Sunday Portering Lyndon from the Back

Tough ride today. Absolutely wrecked me. The altitude, the sun, the scree, all conspired to remove every vestige of energy from my body. At the time, it was hellish. But I'm glad I did it. 

Nelson picked me up from mine and we drove out to park at the lake. Just before 10 when we got going, cruising the main highway along the 3 kms to the Porter's access road.

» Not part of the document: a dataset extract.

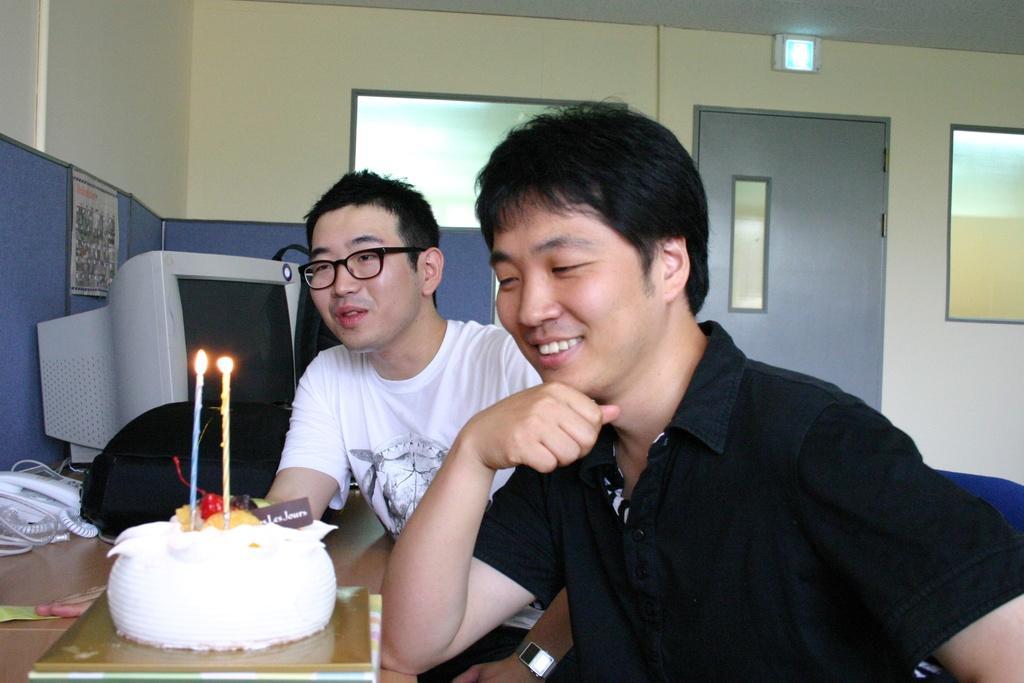Can you describe this image briefly? In this image we can see two men sitting on the chairs beside a table containing a cake in a plate with some candles on it, a telephone with some wires, a bag and a monitor which are placed on it. On the backside we can see a door, windows, a banner on a wall, a signboard and a roof.

Once on the gravel we only met 2 vehicles and got to the trailhead meeting and chatting with a family that looked like they were about to embark on it (we never saw them again).  Down to cross the creek, dodging spaniards, and no good rocks to step on so feet wet from this start.  Singletrack meandered up the valley, mostly rideable.  Met a couple of walkers coming down.  Across the creek again, narrower this time, and I topped up water cos looked like we were leaving it and may not meet any more.  A few zigs and zags and we were at the Colleridge Saddle, what a view!
My derailleur had almost eaten a dracophyllum earlier, I thought I'd caught it, but had found granny tricky so had been avoiding it.  As we started at the saddle, I found granny was attempting to put it into my spokes, so a re-adjustment was made (and I discovered I'd left my toolkit at home).  From here we climbed up to the left.  I was starting to get a bit tired, and walked a bunch, but Nelson was off a bit too.  Then it meandered into a basin and short descent across a scree slope led to a long zig and zag section eventually topping out on the ridge.  Long and hard, and I was getting pretty stuffed and uncomfortable.   Here's Nelson miles ahead...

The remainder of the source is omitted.